==== Entries supplied

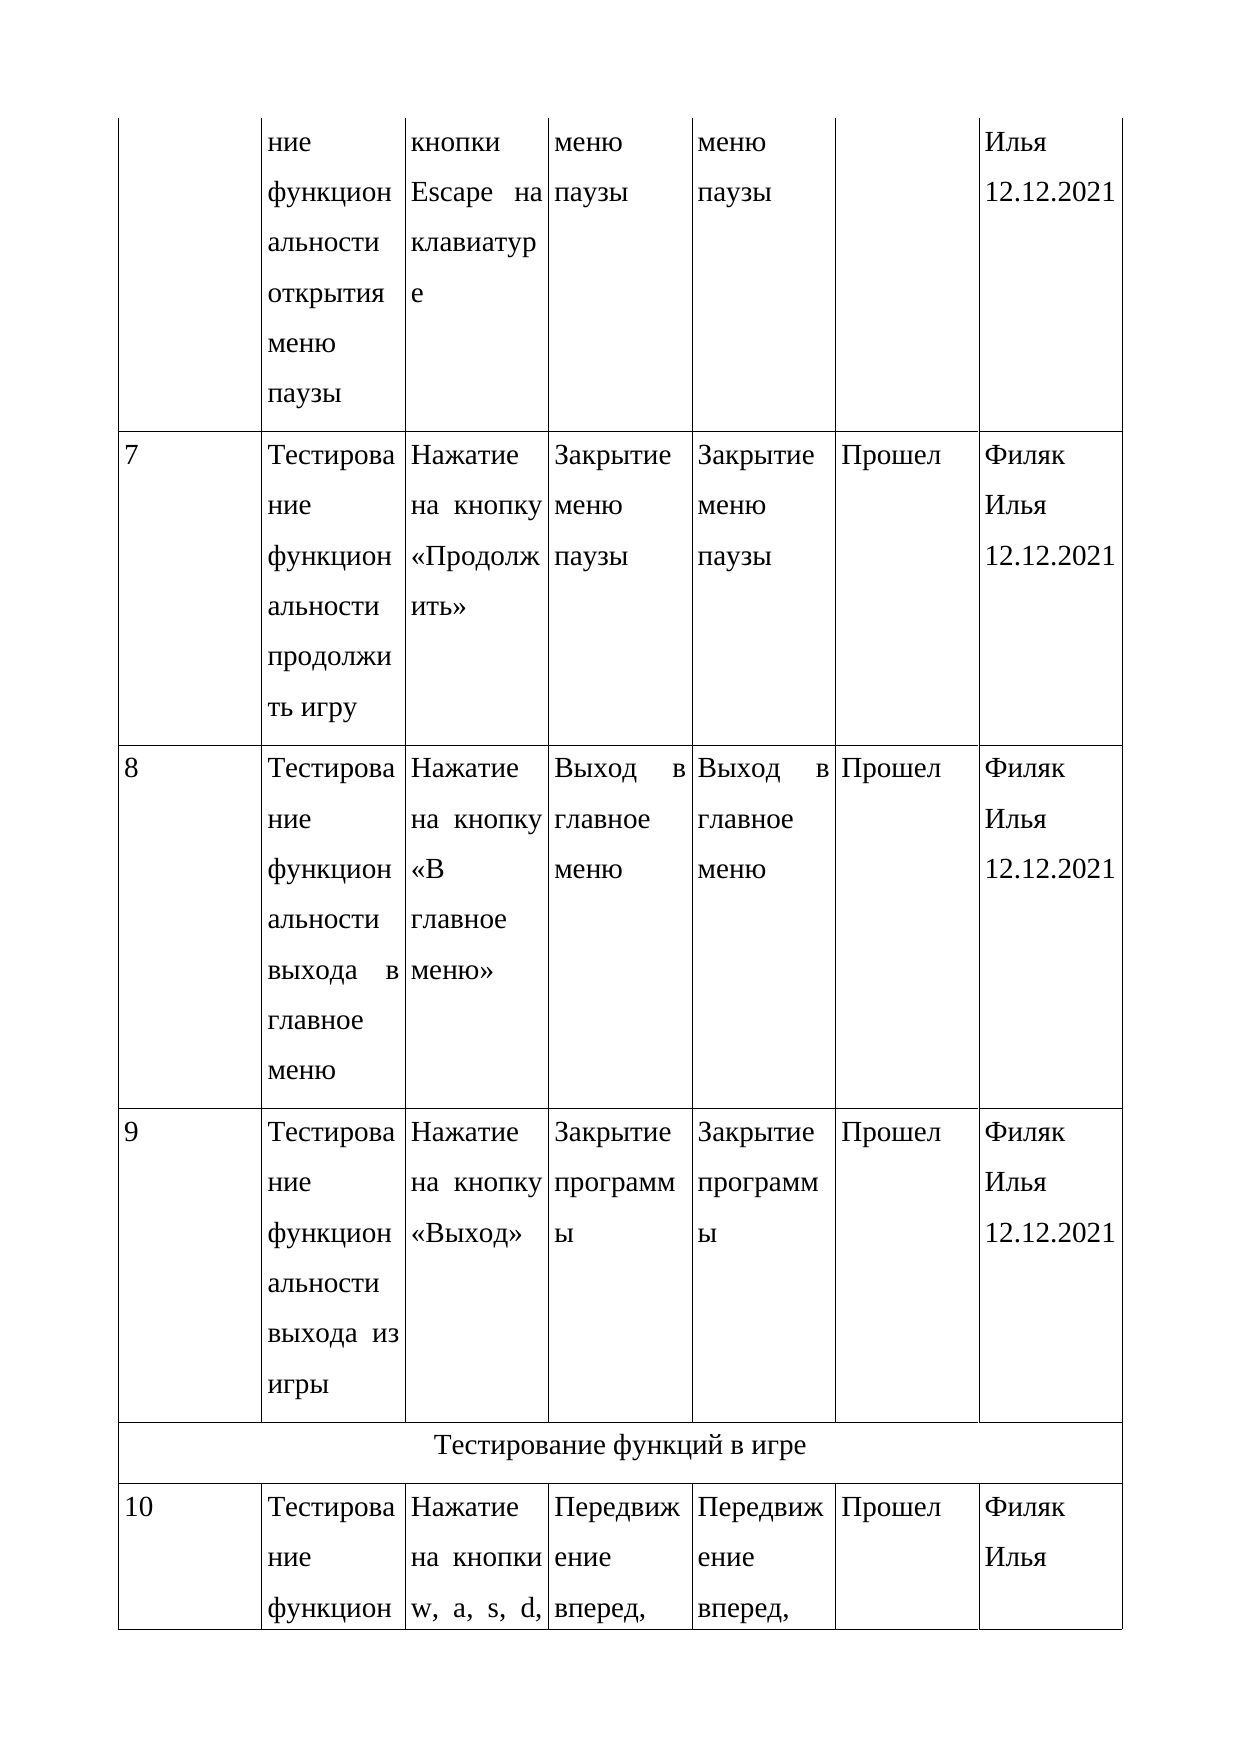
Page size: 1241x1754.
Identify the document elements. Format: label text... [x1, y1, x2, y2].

table_cell 9 [119, 1109, 261, 1422]
table_cell кнопки Escape на клавиатуре [406, 118, 548, 431]
table_cell меню паузы [693, 118, 835, 431]
table_cell 8 [119, 746, 261, 1108]
table_cell [836, 118, 978, 431]
table_cell Нажатие на кнопки w, a, s, d, [406, 1484, 548, 1629]
table_cell Выход в главное меню [693, 746, 835, 1108]
table_cell Передвижение вперед, [549, 1484, 692, 1629]
table_cell 10 [119, 1484, 261, 1629]
table_cell 7 [119, 432, 261, 745]
table_cell ние функциональности открытия меню паузы [262, 118, 405, 431]
table_cell Нажатие на кнопку «Выход» [406, 1109, 548, 1422]
table_cell Тестирование функций в игре [119, 1423, 1122, 1483]
table_cell Прошел [836, 432, 978, 745]
table_cell Закрытие программы [693, 1109, 835, 1422]
table_cell Прошел [836, 1484, 978, 1629]
table_cell Закрытие меню паузы [549, 432, 692, 745]
table_cell Илья 12.12.2021 [980, 118, 1122, 431]
table_cell Нажатие на кнопку «В главное меню» [406, 746, 548, 1108]
table_cell [119, 118, 261, 431]
table_cell Тестирование функцион [262, 1484, 405, 1629]
table_cell Филяк Илья [980, 1484, 1122, 1629]
table_cell Прошел [836, 1109, 978, 1422]
table_cell Прошел [836, 746, 978, 1108]
table_cell Закрытие программы [549, 1109, 692, 1422]
table_cell Выход в главное меню [549, 746, 692, 1108]
table_cell меню паузы [549, 118, 692, 431]
table_cell Тестирование функциональности продолжить игру [262, 432, 405, 745]
table_cell Филяк Илья 12.12.2021 [980, 1109, 1122, 1422]
table_cell Филяк Илья 12.12.2021 [980, 746, 1122, 1108]
table_cell Передвижение вперед, [693, 1484, 835, 1629]
table_cell Закрытие меню паузы [693, 432, 835, 745]
table_cell Филяк Илья 12.12.2021 [980, 432, 1122, 745]
table_cell Тестирование функциональности выхода в главное меню [262, 746, 405, 1108]
table_cell Нажатие на кнопку «Продолжить» [406, 432, 548, 745]
table_cell Тестирование функциональности выхода из игры [262, 1109, 405, 1422]
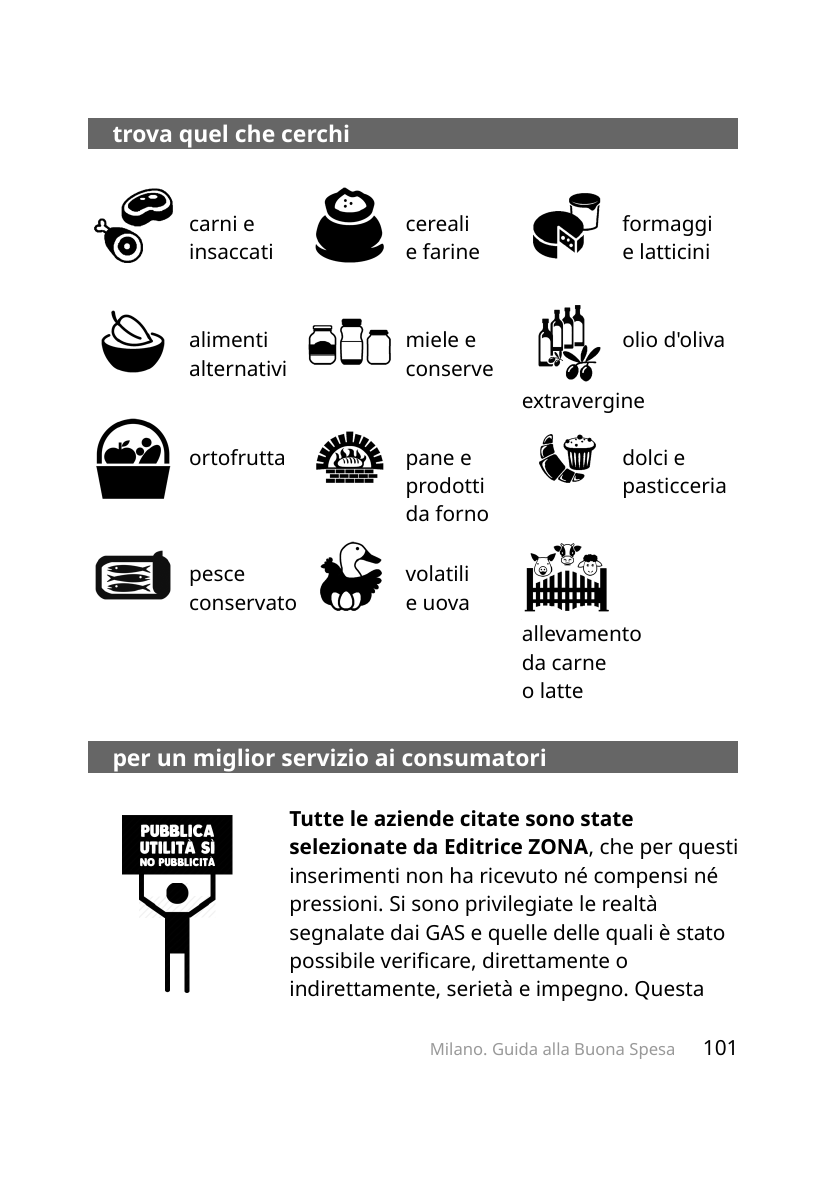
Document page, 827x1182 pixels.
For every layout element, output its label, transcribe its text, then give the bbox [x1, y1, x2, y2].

picture [88, 297, 178, 386]
picture [521, 180, 611, 270]
picture [521, 530, 611, 620]
table_cell volatili e uova [305, 531, 522, 704]
table_header carni e insaccati [89, 181, 305, 297]
picture [305, 297, 394, 386]
text trova quel che cerchi [88, 118, 738, 149]
table_header cereali e farine [305, 181, 522, 297]
picture [305, 414, 394, 503]
picture [305, 180, 394, 270]
table_cell miele e conserve [305, 297, 522, 414]
table_cell ortofrutta [89, 414, 305, 531]
text Tutte le aziende citate sono state selezionate da Editrice ZONA, che per questi inserimenti non ha ricevuto né compensi né pressioni. Si sono privilegiate le realtà segnalate dai GAS e quelle delle quali è stato possibile verificare, direttamente o indirettamente, serietà e impegno. Questa [88, 804, 738, 1003]
picture [88, 180, 178, 270]
picture [88, 414, 178, 503]
picture [88, 530, 178, 620]
table_cell dolci e pasticceria [522, 414, 738, 531]
table_cell pesce conservato [89, 531, 305, 704]
picture [521, 414, 611, 503]
table_cell olio d'oliva extravergine [522, 297, 738, 414]
table_header formaggi e latticini [522, 181, 738, 297]
picture [305, 530, 394, 620]
table_cell pane e prodotti da forno [305, 414, 522, 531]
picture [88, 815, 266, 993]
table_cell alimenti alternativi [89, 297, 305, 414]
table_cell allevamento da carne o latte [522, 531, 738, 704]
picture [521, 297, 611, 386]
text per un miglior servizio ai consumatori [88, 741, 738, 773]
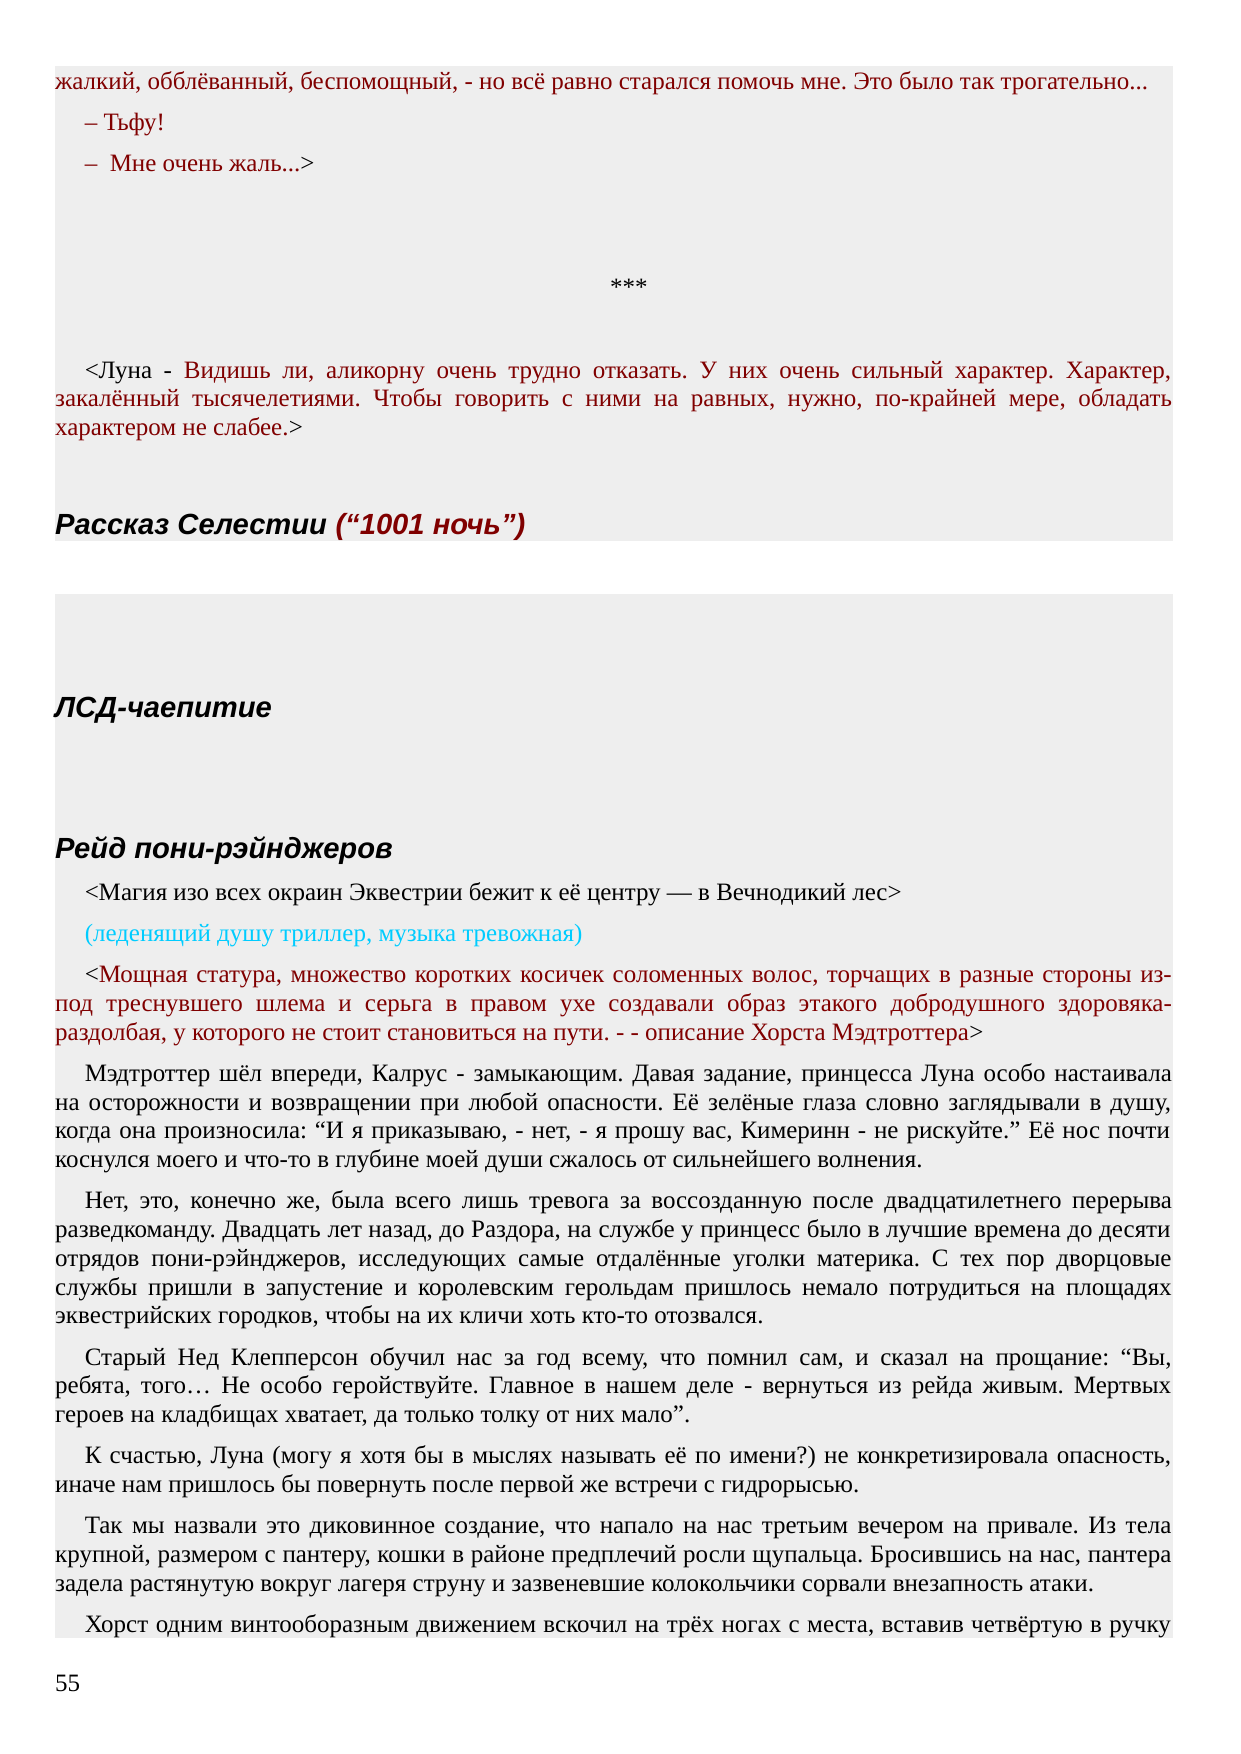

========

**Exercise objective**
Lines with the word "кнопки" in them: report all of these from the listing above.

**Answer space**
table_cell кнопки Escape на клавиатуре [406, 118, 548, 431]
table_cell Нажатие на кнопки w, a, s, d, [406, 1484, 548, 1629]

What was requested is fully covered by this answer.